Book critics have a way of talking about popular writers whose talent and ambition set them apart from the mass-market crowd: Such writers “transcend the genre.” A mystery writer who aspires to transcendence may approach his task in one of several ways. He may disturb us with news of corruption and systemic failure; he may reflect on human weakness, on the everyday compromises that lead to tragic ends; he may probe the criminal mind and the mystery of evil; or he may turn a jaundiced eye on the wretched human scene, sizing it up with studied composure: “Forget it, Jake. It’s Chinatown.”

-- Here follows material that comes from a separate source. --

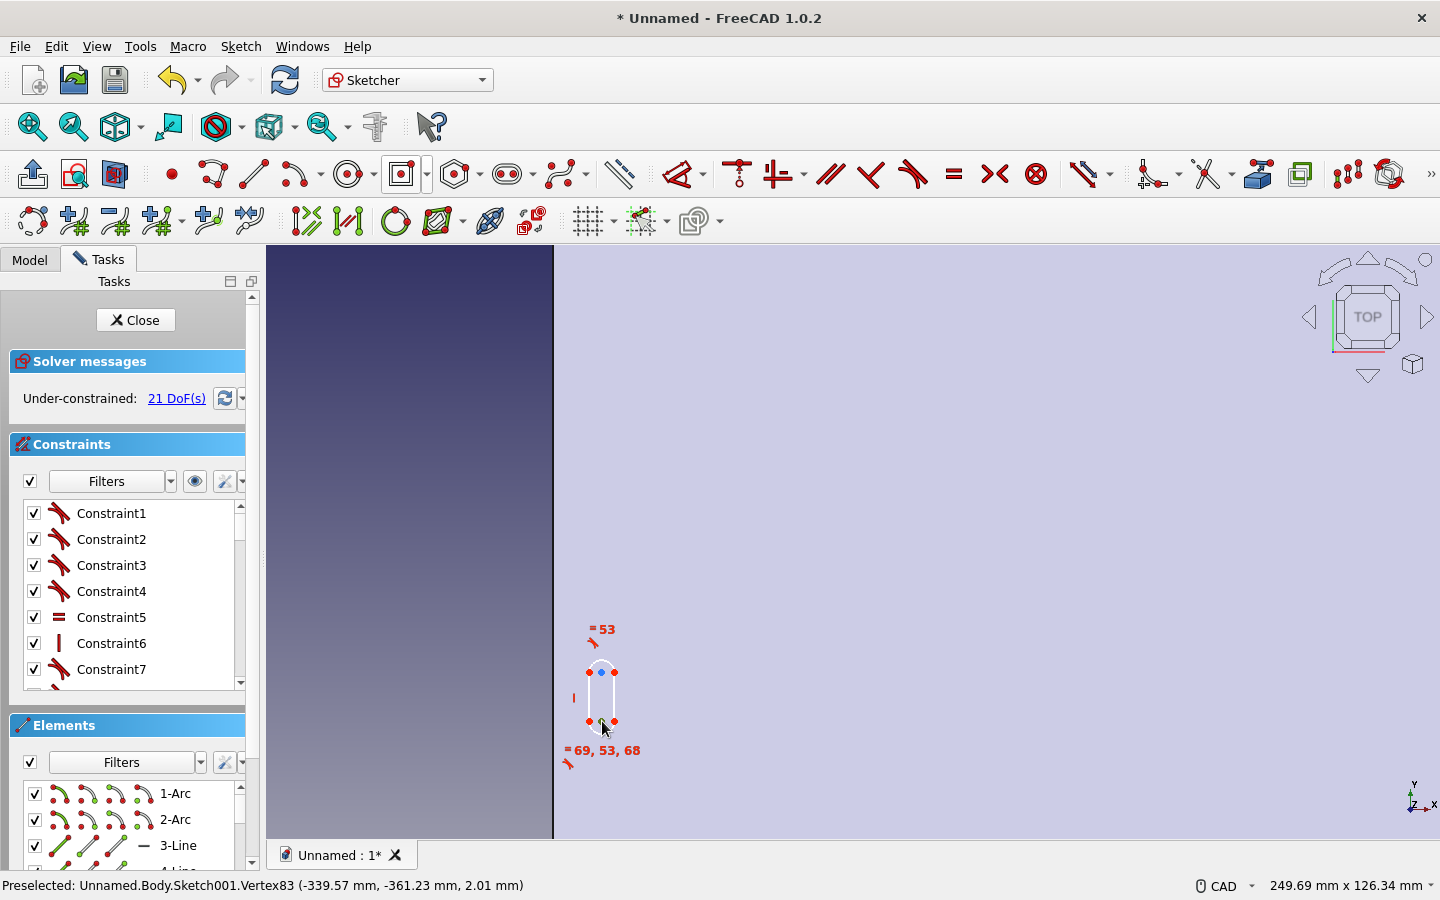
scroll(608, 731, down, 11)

British writers P.D. James and Ruth Rendell brought psychological insight and exacting moral judgment to their detective fiction. Their explorations of human fragility and evil moved them beyond the classic English cozy mystery, a genre that reached its peak with Agatha Christie. In the United States, noir writers from Raymond Chandler to Elmore Leonard made seedy realism and tough-guy cynicism one of the most recognizable styles in popular culture. At least a few of them transcended their pulpy material. With his jazzy, streetwise diction, Chandler’s Philip Marlowe defined his age as surely as Gatsby. Along with Dashiell Hammett and Ross McDonald, Chandler gave the lowly private eye a place among literary icons.

James Lee Burke stands out as a contemporary crime writer with claims to transcendence. He has been prolific in the noir genre since 1987, earning a blurb from Walker Percy and praise from Joyce Carol Oates. But the most transcendent thing about Burke is perhaps not a literary quality but a moral one: Catholicism is the living center of Burke's writing. Whereas the noir tradition typically gives the last word to pessimism and despair, Burke does not observe evil with nihilistic detachment. He responds to it with a confrontational fury rooted in a Catholic understanding of human nature. For anyone interested in the Church’s presence in the wider culture, Burke’s body of work, especially his so-called Robicheaux series, deserves a closer look.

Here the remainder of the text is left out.